**Work request**
Your task is to copy the lines of the data below from the line holding "- Distance to A: 0" through the line holding "- D with distance 4", inclusive, exactly and with nothing added.

**Material supplied**
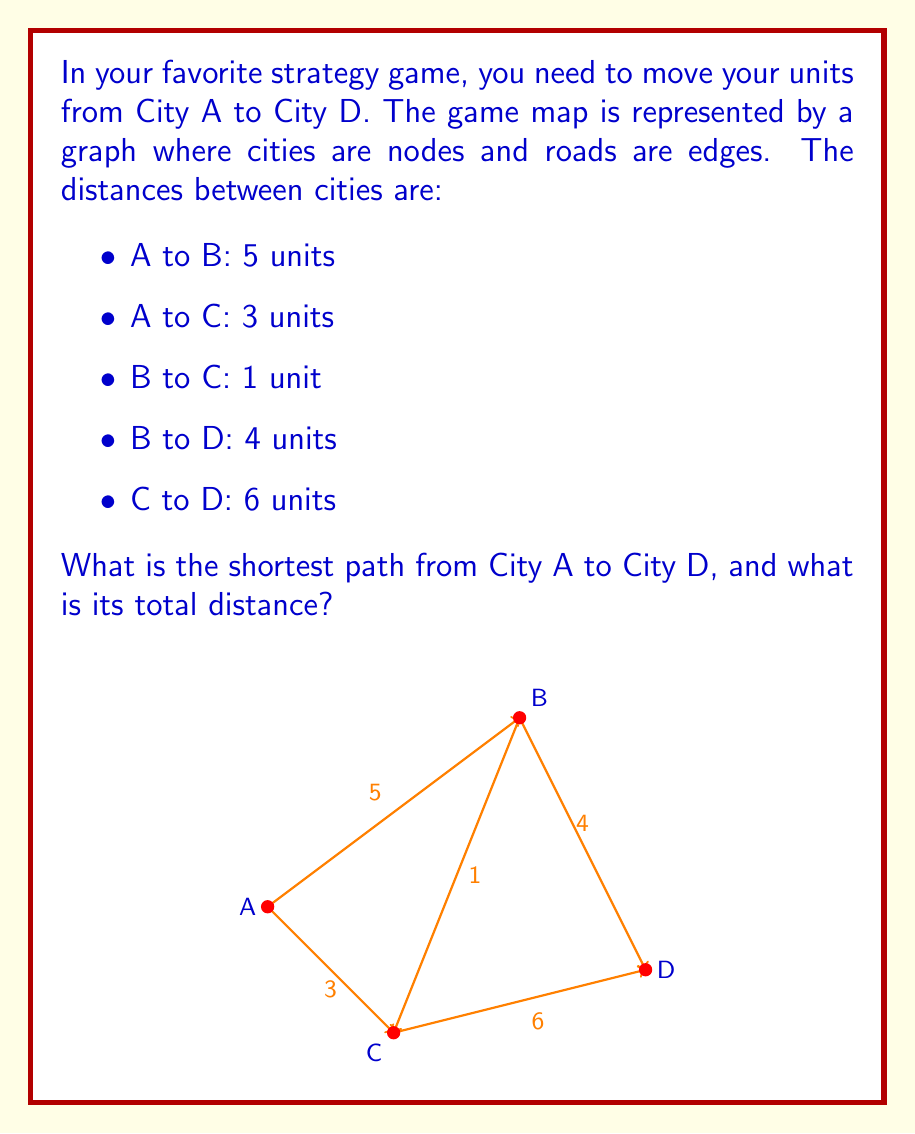Could you help me with this problem? To solve this problem, we can use Dijkstra's algorithm, which is an efficient method for finding the shortest path in a graph. Let's go through the steps:

1) Initialize:
   - Distance to A: 0
   - Distance to B, C, D: infinity

2) From A, we can reach:
   - B with distance 5
   - C with distance 3
   Update these distances.

3) The shortest unvisited node is C (distance 3). From C, we can reach:
   - B with distance 3 + 1 = 4 (shorter than current 5, so update)
   - D with distance 3 + 6 = 9

4) The next shortest unvisited node is B (distance 4). From B, we can reach:
   - D with distance 4 + 4 = 8 (shorter than current 9, so update)

5) The final node D has a shortest distance of 8.

The shortest path is therefore A → C → B → D, with a total distance of 8 units.

This problem demonstrates how graph theory can be applied to find optimal routes in strategy games, which is crucial for efficient unit movement and resource management.
Answer: The shortest path from City A to City D is A → C → B → D, with a total distance of 8 units. 
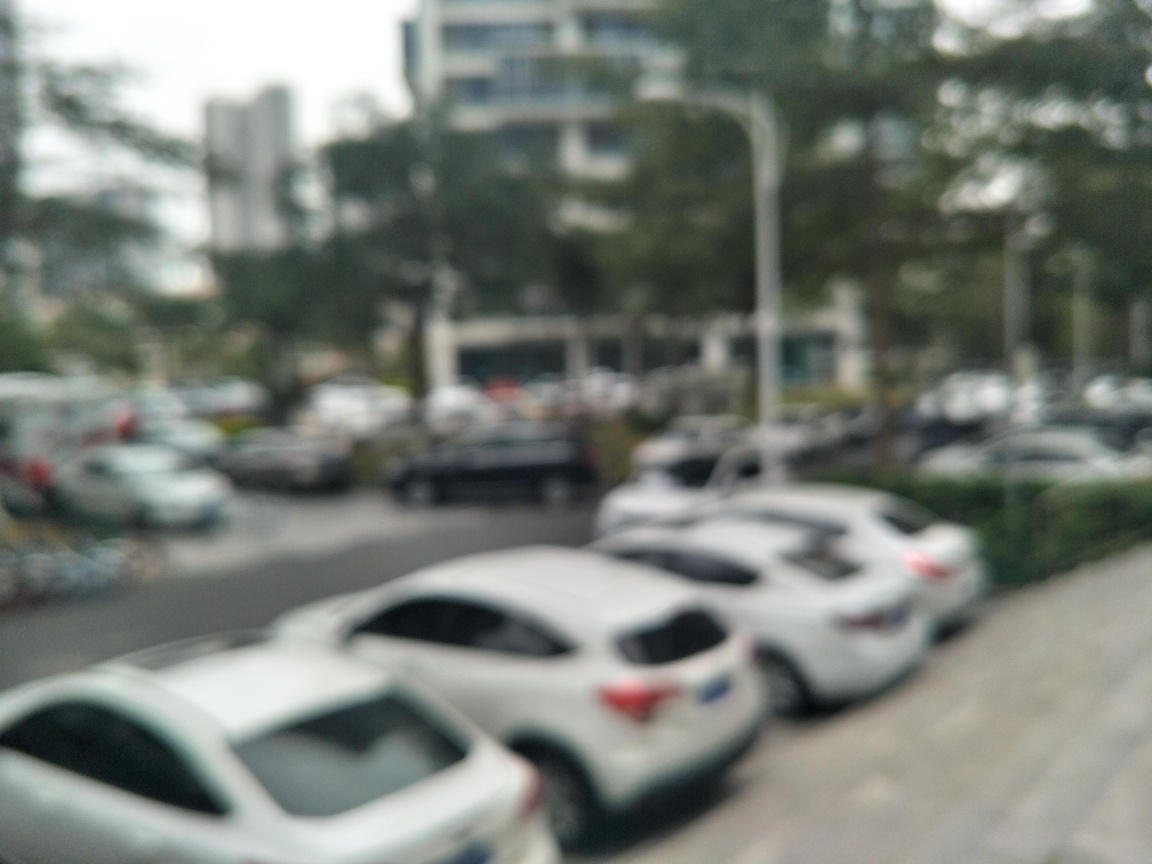Describe the weather or time of day in this image. The lighting in the image is diffuse, suggesting either an overcast day or the diffused light typical of early morning or late afternoon. Unfortunately, the lack of clarity makes it difficult to provide a definitive answer about the weather conditions. 
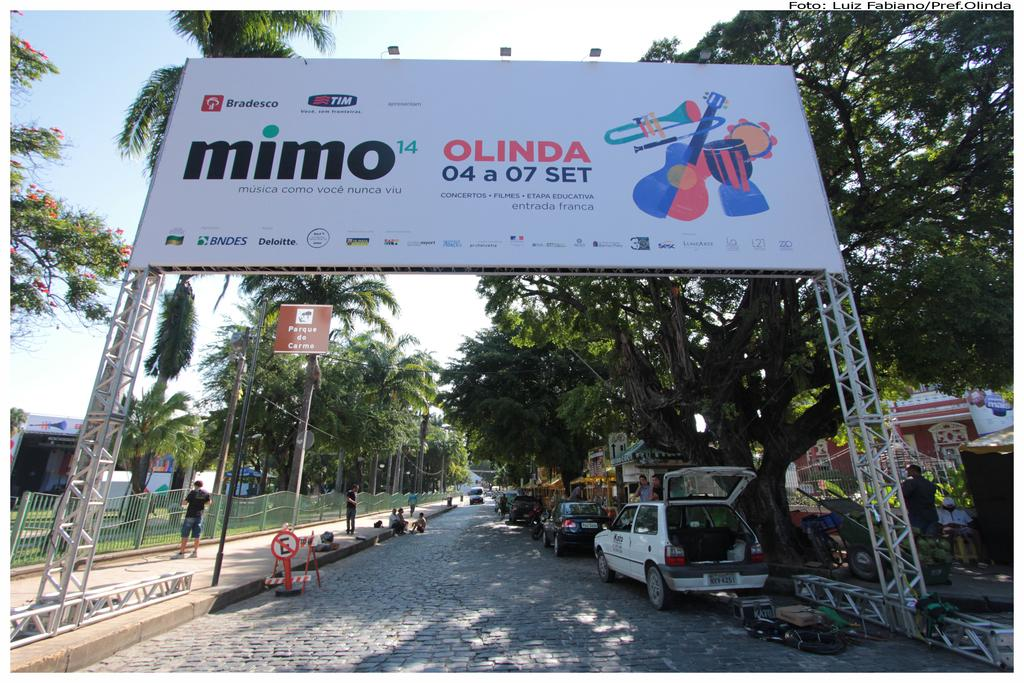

**Task answer**
   - Distance to A: 0
   - Distance to B, C, D: infinity

2) From A, we can reach:
   - B with distance 5
   - C with distance 3
   Update these distances.

3) The shortest unvisited node is C (distance 3). From C, we can reach:
   - B with distance 3 + 1 = 4 (shorter than current 5, so update)
   - D with distance 3 + 6 = 9

4) The next shortest unvisited node is B (distance 4). From B, we can reach:
   - D with distance 4 + 4 = 8 (shorter than current 9, so update)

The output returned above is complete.